Sleeping Dogs is a open world action-adventure video game developed by United Front Games and Square Enix London Studios, published by Square Enix. The game was initially announced in 2009 as a original IP but later it was named True Crime: Hong Kong, only to be dropped by Activision, immediately the rights were bought by Square Enix. The rights to the True Crime name remained under Activision so the game was renamed to Sleeping Dogs.

The development story behind Sleeping Dogs resembles the one behind Duke Nukem Forever, which was a total failure. The developers at United Front are ex employees of EA BlackBox, Rockstar, Radical Entertainment, etc. They only developed two games and both of them were for PlayStation 3 but all devs have experience with open world games.

Developers worked close with AMD to have fully optimized drivers on release date. Sleeping Dogs uses DirectX 10 and 11 APIs, DirectX 9 and Windows XP are not supported.

On release date the game had a lot of issues: settings not saving, crashes to desktop, poor performance (for both AMD and nVidia Cards), unresponsive UI and other game breaking glitches, bugs etc. In a a week, the developers have updated the game to 1.4 which fixed some of the issues.

Before proceeding, the in game benchmark feature does a lousy job at recording the maximum FPS. The differences between one run and another can be extremely big. I’ve discarded the lowest and highest values for Max FPS and only noted the middle value, opposed to doing the average between the three runs. The minimum and average FPS recorded from the in game benchmark feature are reliable. Once again, you might want to ignore the Max FPS values.

All the tests were done using two settings: High and Extreme. Because FXAA + SSAA can be extremely taxing even on high-end hardware, I wanted to see how the game performs with these two settings under different batteries of tests.

Settings

Option Low Medium High Extreme
Quality AA Normal High High Extreme
HD Textures Off Off On On
Shadow Resolution Off Normal High High
Shadow Filtering Normal Normal High High
SSAO Normal Normal High High
Motion Blur Off Off Off Off
World Density Extreme Extreme Extreme Extreme

FPS was recorded using the in game benchmark option.
CPU usage was recorded using Windows Performance Monitor.
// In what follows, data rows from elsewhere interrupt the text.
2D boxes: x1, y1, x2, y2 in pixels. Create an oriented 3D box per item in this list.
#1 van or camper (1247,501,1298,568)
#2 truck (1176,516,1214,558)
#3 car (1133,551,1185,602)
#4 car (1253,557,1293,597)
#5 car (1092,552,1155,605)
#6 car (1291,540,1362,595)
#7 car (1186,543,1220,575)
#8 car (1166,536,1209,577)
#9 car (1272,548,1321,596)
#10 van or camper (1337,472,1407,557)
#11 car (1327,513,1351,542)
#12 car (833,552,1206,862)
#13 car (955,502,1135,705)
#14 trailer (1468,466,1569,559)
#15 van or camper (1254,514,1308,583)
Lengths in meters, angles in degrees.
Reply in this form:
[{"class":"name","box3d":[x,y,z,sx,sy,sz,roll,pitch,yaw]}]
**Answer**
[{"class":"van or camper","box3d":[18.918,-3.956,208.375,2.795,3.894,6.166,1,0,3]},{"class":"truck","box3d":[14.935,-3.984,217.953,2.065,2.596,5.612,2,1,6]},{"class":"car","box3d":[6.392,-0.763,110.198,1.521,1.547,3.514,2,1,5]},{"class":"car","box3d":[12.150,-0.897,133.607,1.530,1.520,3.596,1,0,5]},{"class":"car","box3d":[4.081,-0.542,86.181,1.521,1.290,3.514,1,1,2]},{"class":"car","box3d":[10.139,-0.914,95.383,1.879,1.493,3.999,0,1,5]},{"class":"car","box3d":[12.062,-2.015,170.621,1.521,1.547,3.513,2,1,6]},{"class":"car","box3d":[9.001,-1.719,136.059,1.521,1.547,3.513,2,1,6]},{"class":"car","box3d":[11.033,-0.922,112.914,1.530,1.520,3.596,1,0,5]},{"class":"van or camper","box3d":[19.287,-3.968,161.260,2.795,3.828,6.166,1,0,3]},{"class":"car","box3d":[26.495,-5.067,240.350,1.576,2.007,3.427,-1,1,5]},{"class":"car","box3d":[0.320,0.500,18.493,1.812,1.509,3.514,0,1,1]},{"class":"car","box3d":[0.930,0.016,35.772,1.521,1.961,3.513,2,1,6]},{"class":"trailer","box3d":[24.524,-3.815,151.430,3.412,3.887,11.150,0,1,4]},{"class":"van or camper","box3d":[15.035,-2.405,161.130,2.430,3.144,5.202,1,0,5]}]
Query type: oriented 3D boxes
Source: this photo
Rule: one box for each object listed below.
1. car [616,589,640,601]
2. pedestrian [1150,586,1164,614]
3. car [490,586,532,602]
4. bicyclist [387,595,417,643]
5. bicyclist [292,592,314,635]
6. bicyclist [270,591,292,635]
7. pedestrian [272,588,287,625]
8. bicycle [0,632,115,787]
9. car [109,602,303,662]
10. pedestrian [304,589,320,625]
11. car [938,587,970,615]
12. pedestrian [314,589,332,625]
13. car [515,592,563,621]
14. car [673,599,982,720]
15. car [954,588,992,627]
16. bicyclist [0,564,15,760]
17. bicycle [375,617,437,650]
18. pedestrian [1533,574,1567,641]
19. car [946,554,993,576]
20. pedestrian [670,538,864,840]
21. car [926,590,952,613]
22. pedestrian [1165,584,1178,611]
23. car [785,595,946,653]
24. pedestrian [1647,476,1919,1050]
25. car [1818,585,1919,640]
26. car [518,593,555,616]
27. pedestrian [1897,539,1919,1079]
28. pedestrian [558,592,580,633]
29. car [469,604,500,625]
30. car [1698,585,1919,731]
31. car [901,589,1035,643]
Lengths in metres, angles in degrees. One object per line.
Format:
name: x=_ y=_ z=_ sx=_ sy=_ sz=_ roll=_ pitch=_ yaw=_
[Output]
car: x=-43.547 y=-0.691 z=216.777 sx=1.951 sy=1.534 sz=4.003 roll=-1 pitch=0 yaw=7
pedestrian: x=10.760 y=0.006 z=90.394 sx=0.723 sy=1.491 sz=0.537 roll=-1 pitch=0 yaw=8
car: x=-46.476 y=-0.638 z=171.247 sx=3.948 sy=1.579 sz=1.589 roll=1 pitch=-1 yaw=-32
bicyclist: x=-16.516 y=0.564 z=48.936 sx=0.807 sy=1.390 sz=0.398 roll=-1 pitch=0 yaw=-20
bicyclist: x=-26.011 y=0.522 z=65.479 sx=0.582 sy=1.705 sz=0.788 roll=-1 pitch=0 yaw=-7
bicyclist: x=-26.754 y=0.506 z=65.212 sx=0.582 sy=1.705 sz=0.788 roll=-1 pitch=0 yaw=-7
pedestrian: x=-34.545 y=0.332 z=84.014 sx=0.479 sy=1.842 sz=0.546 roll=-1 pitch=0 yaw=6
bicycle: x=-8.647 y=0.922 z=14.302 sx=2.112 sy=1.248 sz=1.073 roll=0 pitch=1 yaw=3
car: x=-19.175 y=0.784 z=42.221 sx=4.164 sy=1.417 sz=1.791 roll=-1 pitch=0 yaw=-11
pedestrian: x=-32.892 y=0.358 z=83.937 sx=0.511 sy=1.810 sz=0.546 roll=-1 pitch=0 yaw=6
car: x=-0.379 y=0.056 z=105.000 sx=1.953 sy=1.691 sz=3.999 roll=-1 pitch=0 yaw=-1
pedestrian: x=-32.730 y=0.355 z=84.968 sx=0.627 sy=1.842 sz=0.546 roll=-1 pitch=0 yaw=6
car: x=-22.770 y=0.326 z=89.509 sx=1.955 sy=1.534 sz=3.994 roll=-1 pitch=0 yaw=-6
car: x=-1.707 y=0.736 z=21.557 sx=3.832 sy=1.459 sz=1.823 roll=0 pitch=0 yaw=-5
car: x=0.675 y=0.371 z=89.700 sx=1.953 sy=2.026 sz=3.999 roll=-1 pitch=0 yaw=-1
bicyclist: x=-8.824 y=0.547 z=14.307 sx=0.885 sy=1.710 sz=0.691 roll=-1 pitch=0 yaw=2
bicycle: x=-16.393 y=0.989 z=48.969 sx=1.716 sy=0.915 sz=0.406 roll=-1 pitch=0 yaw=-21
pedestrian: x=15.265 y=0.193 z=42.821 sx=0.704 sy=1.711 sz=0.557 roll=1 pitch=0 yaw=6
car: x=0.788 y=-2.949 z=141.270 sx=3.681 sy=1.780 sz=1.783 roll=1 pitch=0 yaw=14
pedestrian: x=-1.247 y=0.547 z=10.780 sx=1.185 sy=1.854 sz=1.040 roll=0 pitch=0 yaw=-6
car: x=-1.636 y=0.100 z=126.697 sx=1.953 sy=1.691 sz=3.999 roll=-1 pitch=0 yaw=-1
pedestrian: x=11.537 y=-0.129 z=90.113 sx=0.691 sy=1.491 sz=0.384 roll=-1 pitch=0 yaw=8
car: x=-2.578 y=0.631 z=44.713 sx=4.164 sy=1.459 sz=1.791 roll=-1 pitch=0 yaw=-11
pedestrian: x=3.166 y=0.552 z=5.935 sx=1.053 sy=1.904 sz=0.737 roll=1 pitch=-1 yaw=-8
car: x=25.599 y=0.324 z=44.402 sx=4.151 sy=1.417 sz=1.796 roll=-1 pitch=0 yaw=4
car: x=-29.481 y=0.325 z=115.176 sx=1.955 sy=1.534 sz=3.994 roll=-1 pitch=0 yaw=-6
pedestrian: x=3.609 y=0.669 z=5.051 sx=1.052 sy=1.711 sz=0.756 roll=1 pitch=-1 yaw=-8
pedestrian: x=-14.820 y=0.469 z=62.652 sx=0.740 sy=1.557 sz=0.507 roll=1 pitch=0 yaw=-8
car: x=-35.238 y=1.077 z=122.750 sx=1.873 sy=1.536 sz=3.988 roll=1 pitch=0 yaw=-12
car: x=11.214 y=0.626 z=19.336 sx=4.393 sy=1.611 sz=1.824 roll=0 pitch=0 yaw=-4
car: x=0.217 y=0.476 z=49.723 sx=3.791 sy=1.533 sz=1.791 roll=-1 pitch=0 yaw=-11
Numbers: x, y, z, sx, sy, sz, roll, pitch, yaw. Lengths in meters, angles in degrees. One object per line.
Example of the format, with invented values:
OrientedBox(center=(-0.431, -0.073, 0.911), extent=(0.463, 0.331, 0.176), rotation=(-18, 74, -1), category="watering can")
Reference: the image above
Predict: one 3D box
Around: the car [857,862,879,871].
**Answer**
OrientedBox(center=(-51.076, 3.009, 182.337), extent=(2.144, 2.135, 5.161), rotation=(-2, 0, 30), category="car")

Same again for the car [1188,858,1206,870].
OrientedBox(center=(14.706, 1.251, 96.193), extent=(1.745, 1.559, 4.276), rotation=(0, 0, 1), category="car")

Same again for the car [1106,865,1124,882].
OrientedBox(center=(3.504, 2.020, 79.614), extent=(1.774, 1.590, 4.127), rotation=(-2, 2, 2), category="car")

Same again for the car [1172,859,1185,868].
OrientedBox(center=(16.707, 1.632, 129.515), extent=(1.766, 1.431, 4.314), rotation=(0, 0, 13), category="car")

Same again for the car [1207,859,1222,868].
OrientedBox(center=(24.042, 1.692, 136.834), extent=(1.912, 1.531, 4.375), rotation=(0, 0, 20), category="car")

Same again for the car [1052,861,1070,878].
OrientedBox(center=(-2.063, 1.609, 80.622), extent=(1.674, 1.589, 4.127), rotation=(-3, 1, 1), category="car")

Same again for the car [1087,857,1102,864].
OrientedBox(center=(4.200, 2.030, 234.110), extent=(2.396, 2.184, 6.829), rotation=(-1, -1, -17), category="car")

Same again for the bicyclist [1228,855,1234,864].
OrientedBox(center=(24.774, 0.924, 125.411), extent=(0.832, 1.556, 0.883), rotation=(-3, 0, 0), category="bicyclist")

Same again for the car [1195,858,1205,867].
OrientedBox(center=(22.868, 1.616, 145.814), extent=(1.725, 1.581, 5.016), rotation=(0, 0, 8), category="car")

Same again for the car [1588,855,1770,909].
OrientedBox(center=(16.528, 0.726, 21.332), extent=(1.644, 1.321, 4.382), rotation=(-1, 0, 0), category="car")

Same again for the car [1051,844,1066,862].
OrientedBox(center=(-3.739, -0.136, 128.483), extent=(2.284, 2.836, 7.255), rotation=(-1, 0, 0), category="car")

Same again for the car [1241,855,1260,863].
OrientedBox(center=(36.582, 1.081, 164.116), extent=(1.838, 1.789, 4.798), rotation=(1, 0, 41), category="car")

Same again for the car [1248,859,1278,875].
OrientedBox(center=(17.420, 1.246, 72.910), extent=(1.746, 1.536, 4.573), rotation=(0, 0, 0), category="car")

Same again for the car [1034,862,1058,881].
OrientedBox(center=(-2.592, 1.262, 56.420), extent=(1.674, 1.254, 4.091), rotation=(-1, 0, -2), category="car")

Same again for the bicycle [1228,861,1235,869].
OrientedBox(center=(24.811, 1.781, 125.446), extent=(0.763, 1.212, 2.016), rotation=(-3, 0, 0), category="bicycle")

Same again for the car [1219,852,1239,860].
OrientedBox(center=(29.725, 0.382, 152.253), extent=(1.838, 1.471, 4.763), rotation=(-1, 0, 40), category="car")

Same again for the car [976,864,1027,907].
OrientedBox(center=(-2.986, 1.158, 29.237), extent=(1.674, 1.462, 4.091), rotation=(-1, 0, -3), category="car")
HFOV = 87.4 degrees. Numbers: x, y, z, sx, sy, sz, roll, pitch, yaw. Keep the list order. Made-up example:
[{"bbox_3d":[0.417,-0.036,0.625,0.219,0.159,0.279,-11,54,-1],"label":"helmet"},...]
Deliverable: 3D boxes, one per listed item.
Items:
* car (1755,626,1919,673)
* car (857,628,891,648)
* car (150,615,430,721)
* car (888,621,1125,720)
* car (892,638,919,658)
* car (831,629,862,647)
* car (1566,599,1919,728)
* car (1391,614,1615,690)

Processor(_Total) with a sample interval of 1 second.
GPU Usage was recorded using MSI Afterburner 2.2.3.
Sleeping Dogs is updated to v1.4

Test System Specifications
Test Hardware | Sleeping Dogs Benchmark
Processor

Intel Core i5-2500K (Sandy Bridge)

3.3 GHz, OC = 4.5 GHz, 6 MB L3 Cache, power-saving settings disabled, Turbo Boost disabled.

Motherboard MSI P67-C43-B3, Intel P67 Chipset
Memory 2 x 2 GB DDR3 1600MHZ
Hard Drives

WD 500 GB SATA III (OS)

Samsung 750 GB Sata II (Game)

Graphics Card Sapphire HD6950 1 GB
Power Supply Corsair TX 650 W
System Software And Drivers
Operating System Windows 7 x32 SP1
Windows 7 x64 SP1
Windows 8 Pro x32 build 9200 (RTM)
Windows 8 Pro x64 build 9200 (RTM)
Driver AMD Catalyst 12.8 WHQL

Operating Systems Comparison

It’s a good occasion to see how the final version of Windows 8 (x32 and x64) performs in comparison with Windows 7. AMD’s latest Catalyst driver (12.8 WHQL) brings full Windows 8 support, right on cue.

Excluding the Maximum FPS, as I said in the beginning, extremely unreliable; both Windows 7 and Windows 8 are on par regarding performance. Both operating systems behaved absolutely the same: same loading times, same IQ, etc. I’m not going to go into further details as I will probably do a Windows 7 vs Windows 8 benchmark in the near future.

Sleeping Dogs Operating System Benchmark
Sleeping Dogs Operating System Benchmark

CPU and Cores Comparison

As you might imagine, Sleeping Dogs will not work with just one CPU core; the game starts just fine but in freezes on the loading screen.

On Extreme Settings, there aren’t any differences in performance between different numbers of cores and even overclocking won’t improve performance. With High Settings, the only thing that improves with the number of cores available is the minimum FPS, overall performance is the same.

Enabling Extreme AA = FXAA (Fast Approximate Anti Aliasing) + SSAA (Super Sampling Anti Aliasing) will put a lot of stress on the GPU and will lower performance by almost 50% opposite to Normal AA. If you’re going to use HD Textures, AA will not be necessary especially at high resolutions.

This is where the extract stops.